Since, we know the height of the building $A B$, we will first consider the right $\triangle \mathrm{PAB}$.

We have $$ \begin{aligned} \tan 30^{\circ} & =\dfrac{\mathrm{AB}}{\mathrm{AP}} \ \end{aligned} $$

i.e., $$\dfrac{1}{\sqrt{3}} =\dfrac{10}{\mathrm{AP}}$$

Therefore, $$ \mathrm{AP}=10 \sqrt{3} $$

i.e., the distance of the building from $P$ is $10 \sqrt{3} \mathrm{~m}=17.32 \mathrm{~m}$.

Next, let us suppose $\mathrm{DB}=x \mathrm{~m}$. Then $\mathrm{AD}=(10+x) \mathrm{m}$.
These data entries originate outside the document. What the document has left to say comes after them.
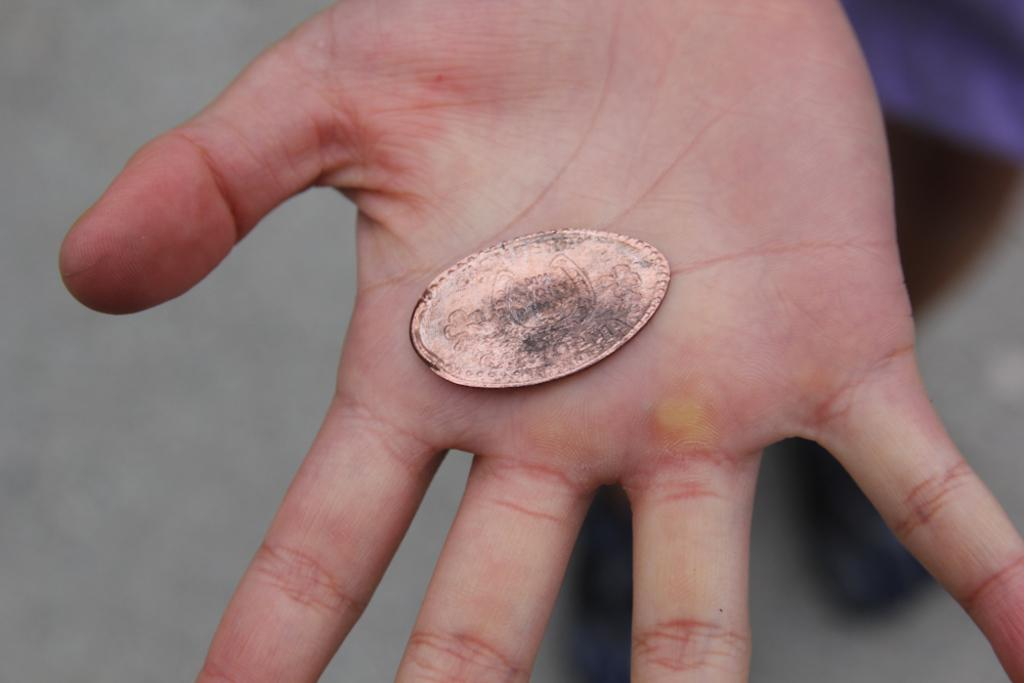What can be seen in the person's hand in the image? There is a coin in the person's hand. Can you describe the person's hand in the image? The person's hand is holding a coin. What day of the week is depicted in the image? There is no indication of a specific day of the week in the image. What type of watch is visible on the person's wrist in the image? There is no watch visible on the person's wrist in the image. 
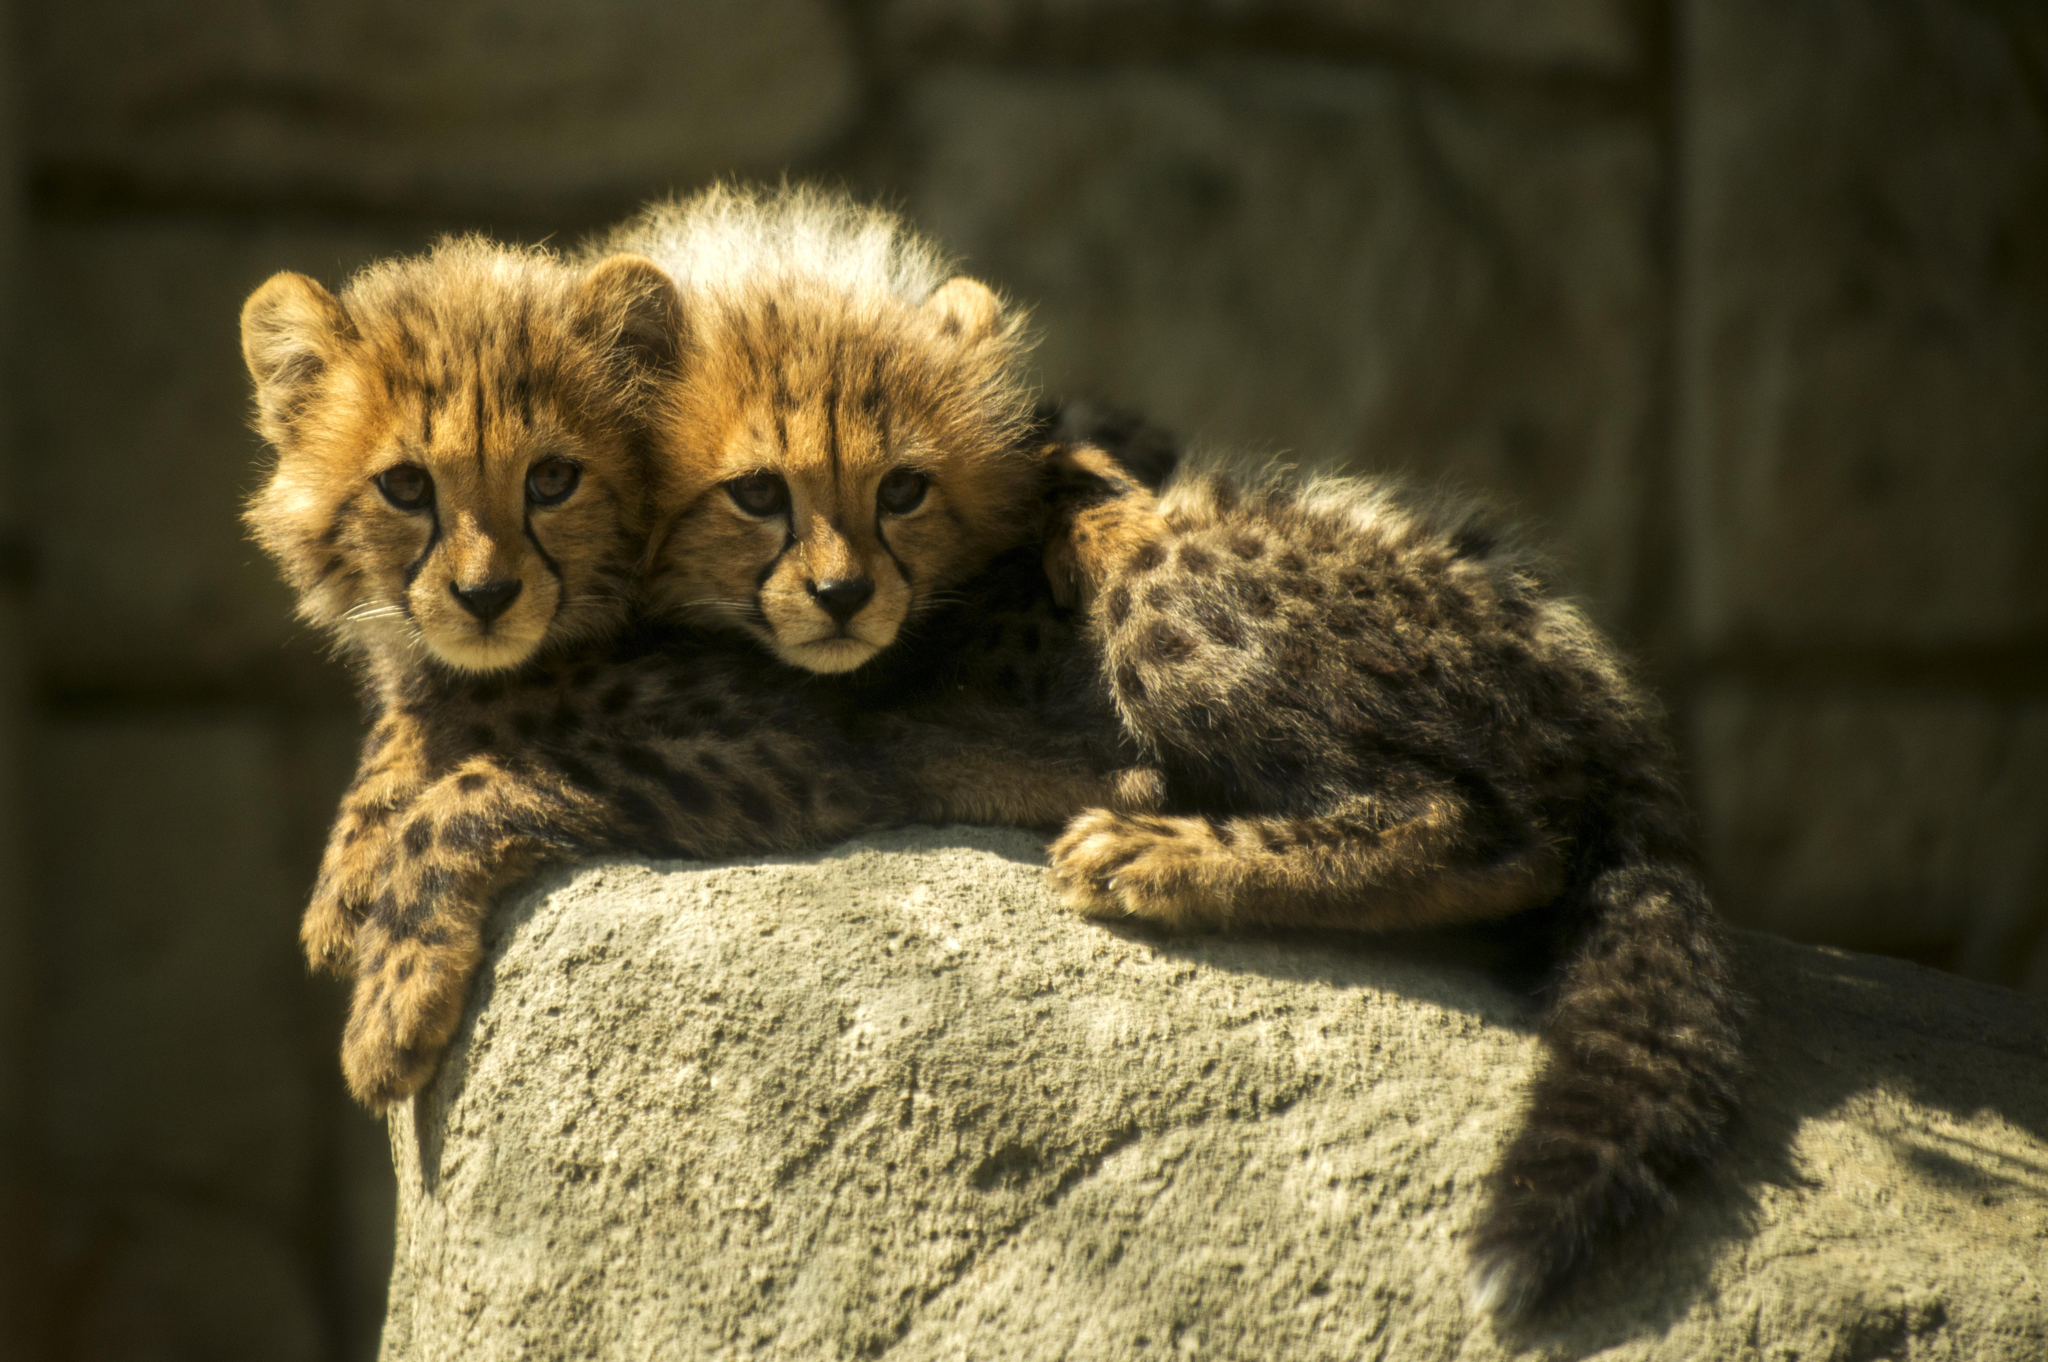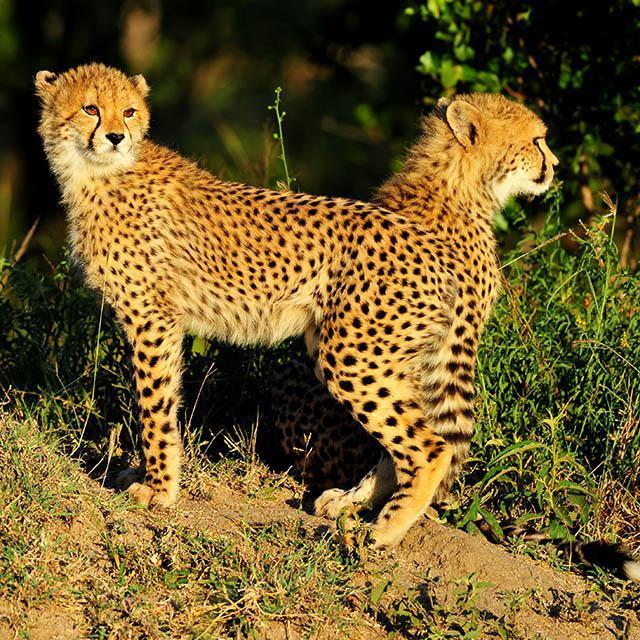The first image is the image on the left, the second image is the image on the right. Given the left and right images, does the statement "Each image shows exactly one pair of wild spotted cts with their heads overlapping." hold true? Answer yes or no. No. 
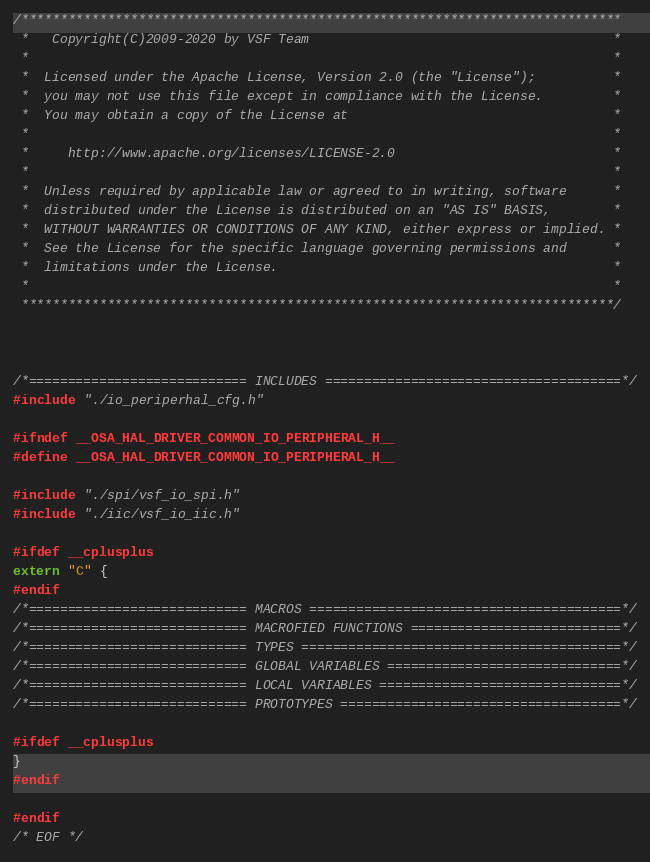<code> <loc_0><loc_0><loc_500><loc_500><_C_>/*****************************************************************************
 *   Copyright(C)2009-2020 by VSF Team                                       *
 *                                                                           *
 *  Licensed under the Apache License, Version 2.0 (the "License");          *
 *  you may not use this file except in compliance with the License.         *
 *  You may obtain a copy of the License at                                  *
 *                                                                           *
 *     http://www.apache.org/licenses/LICENSE-2.0                            *
 *                                                                           *
 *  Unless required by applicable law or agreed to in writing, software      *
 *  distributed under the License is distributed on an "AS IS" BASIS,        *
 *  WITHOUT WARRANTIES OR CONDITIONS OF ANY KIND, either express or implied. *
 *  See the License for the specific language governing permissions and      *
 *  limitations under the License.                                           *
 *                                                                           *
 ****************************************************************************/



/*============================ INCLUDES ======================================*/
#include "./io_periperhal_cfg.h"

#ifndef __OSA_HAL_DRIVER_COMMON_IO_PERIPHERAL_H__
#define __OSA_HAL_DRIVER_COMMON_IO_PERIPHERAL_H__

#include "./spi/vsf_io_spi.h"
#include "./iic/vsf_io_iic.h"

#ifdef __cplusplus
extern "C" {
#endif
/*============================ MACROS ========================================*/
/*============================ MACROFIED FUNCTIONS ===========================*/
/*============================ TYPES =========================================*/
/*============================ GLOBAL VARIABLES ==============================*/
/*============================ LOCAL VARIABLES ===============================*/
/*============================ PROTOTYPES ====================================*/

#ifdef __cplusplus
}
#endif

#endif
/* EOF */
</code> 
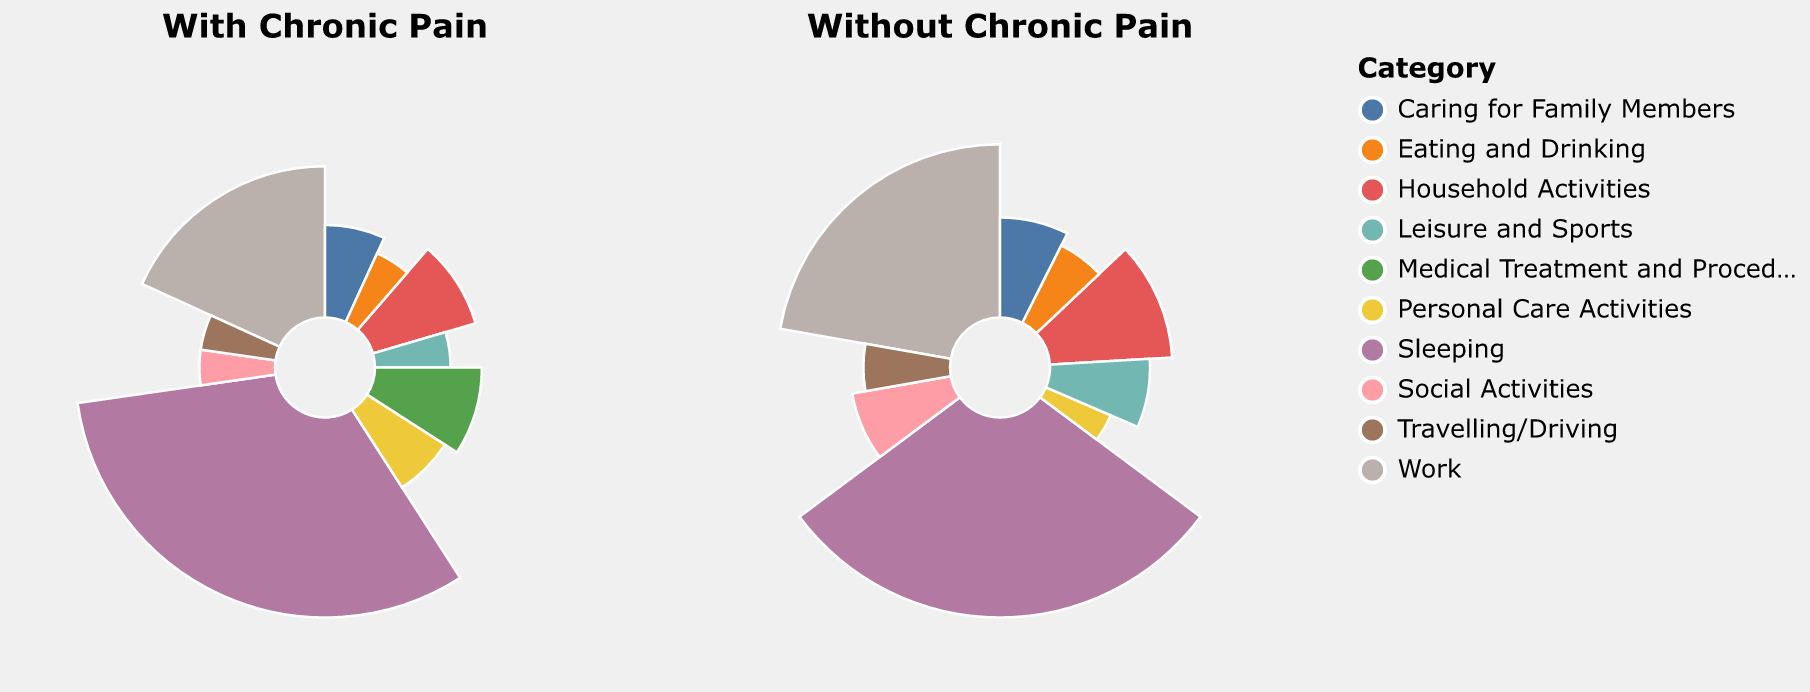Which category shows the largest difference in time spent between those with chronic pain and without? To determine the largest difference, compare the time values for each category in both subplots. The "Work" category shows a difference of 2 hours (6 without chronic pain vs. 4 with chronic pain).
Answer: Work Which categories have participants spending the same amount of time regardless of chronic pain? Check for categories where the hours are the same in both subplots. The "Eating and Drinking" category shows participants spending 1 hour regardless of chronic pain.
Answer: Eating and Drinking How much less time do individuals with chronic pain spend on social activities compared to those without? In the "Social Activities" category, those with chronic pain spend 1 hour, while those without spend 2 hours. The difference is 1 hour.
Answer: 1 hour Summarize the total time spent on Medical Treatment and Procedures in both conditions. Add the time spent on "Medical Treatment and Procedures" for both conditions: 2 hours for those with chronic pain and 0 hours for those without. The total time spent is 2 hours.
Answer: 2 hours Which category has the least change in time spent when comparing between chronic pain and no chronic pain? Find the category with the smallest numerical difference in time spent. The "Travelling/Driving" category has a difference of 0.5 hours (1.5 - 1.0).
Answer: Travelling/Driving For which categories do individuals with chronic pain spend more time compared to individuals without chronic pain? Identify categories where time spent is higher for individuals with chronic pain. "Personal Care Activities" (1.5 vs 1.0) and "Medical Treatment and Procedures" (2.0 vs 0.0) fall into this category.
Answer: Personal Care Activities, Medical Treatment and Procedures Compare the total time spent on Leisure and Sports for both groups and identify the difference. Sum the time spent on "Leisure and Sports": 1 hour for chronic pain and 2 hours without chronic pain. The difference is 1 hour.
Answer: 1 hour How does the proportion of time spent on household activities differ between those with chronic pain and those without? The proportion is calculated relative to the total hours considered (24 hours). For chronic pain: 2/24 = 8.3%. Without chronic pain: 3/24 = 12.5%.
Answer: The proportion is 4.2% less for those with chronic pain What is the total time spent on caring for family members in both groups combined? Add the time spent in "Caring for Family Members" for both groups: 1.5 hours for chronic pain and 2 hours without chronic pain. The total is 3.5 hours.
Answer: 3.5 hours Which category has the highest time spent in the absence of chronic pain? Identify the category with the highest numeric value in the "Without Chronic Pain" subplot. "Sleeping" has 8 hours, which is the highest.
Answer: Sleeping 
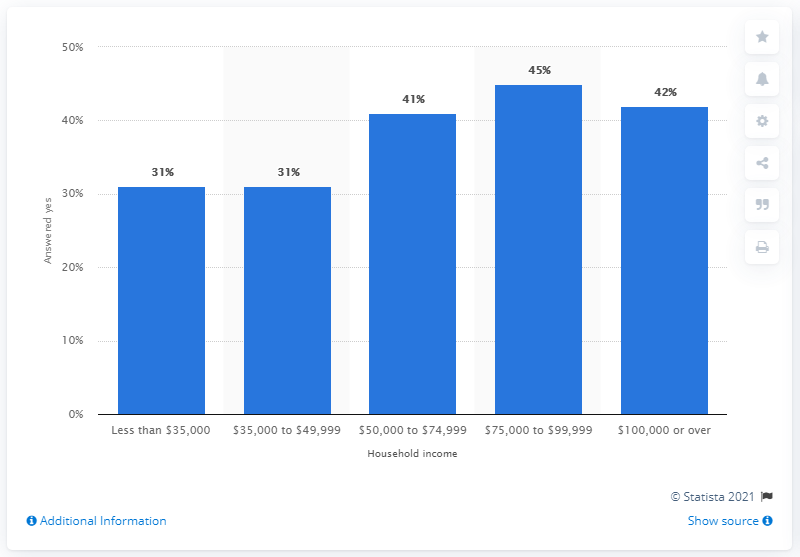Which income bracket shows the highest percentage of Major League Baseball followers? The income bracket showing the highest percentage of Major League Baseball followers is those earning between $75,000 to $99,999, with 45% indicating they follow the sport.  Can you describe the overall trend in interest in Major League Baseball based on household income? Certainly! The bar chart suggests a general upward trend in the interest in Major League Baseball with increasing household income. Starting from a 31% interest rate for the lowest income bracket, there's a noticeable increase peaking at 45% for the $75,000 to $99,999 bracket, before slightly declining to 42% for those earning $100,000 or over. 
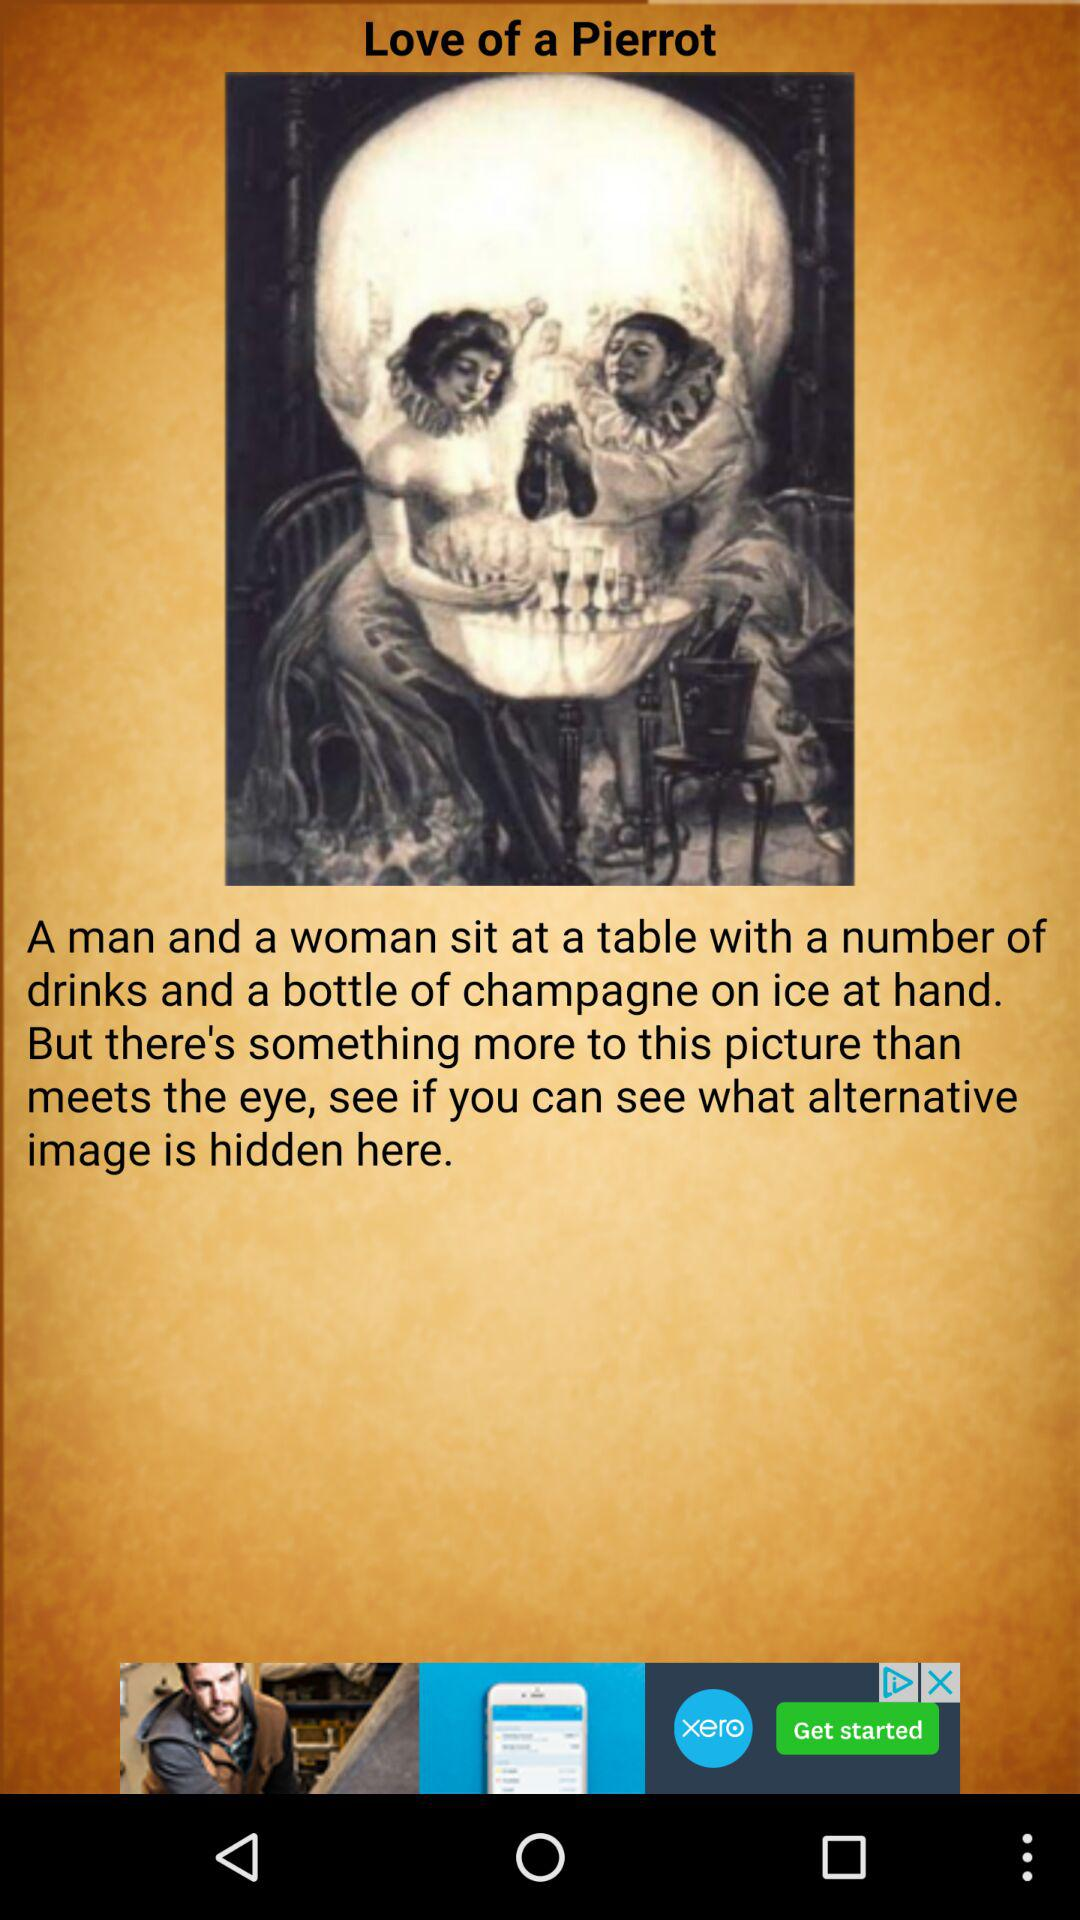What is the name of the printed art? The name of the printed art is "Love of a Pierrot".

Now, in right $\Delta \mathrm{PAD}$,

$$ \tan 45^{\circ}=\dfrac{\mathrm{AD}}{\mathrm{AP}}=\dfrac{10+x}{10 \sqrt{3}} $$

Therefore, $$ 1=\dfrac{10+x}{10 \sqrt{3}} $$

i.e., $$ x=10(\sqrt{3}-1)=7.32 $$

So, the length of the flagstaff is $7.32 \mathrm{~m}$.

Example 5 : The shadow of a tower standing on a level ground is found to be $40 \mathrm{~m}$ longer when the Sun’s altitude is $30^{\circ}$ than when it is $60^{\circ}$. Find the height of the tower.

Solution : In Fig. 9.8, AB is the tower and $\mathrm{BC}$ is the length of the shadow when the Sun’s altitude is $60^{\circ}$, i.e., the angle of elevation of the top of the tower from the tip of the shadow is $60^{\circ}$ and $\mathrm{DB}$ is the length of the shadow, when the angle of elevation is $30^{\circ}$.

Fig. 9.8

Now, let $\mathrm{AB}$ be $h \mathrm{~m}$ and $\mathrm{BC}$ be $x \mathrm{~m}$. According to the question, $\mathrm{DB}$ is $40 \mathrm{~m}$ longer than $\mathrm{BC}$.

So, $$ \mathrm{DB}=(40+x) \mathrm{m} $$

Now, we have two right triangles $\mathrm{ABC}$ and $\mathrm{ABD}$.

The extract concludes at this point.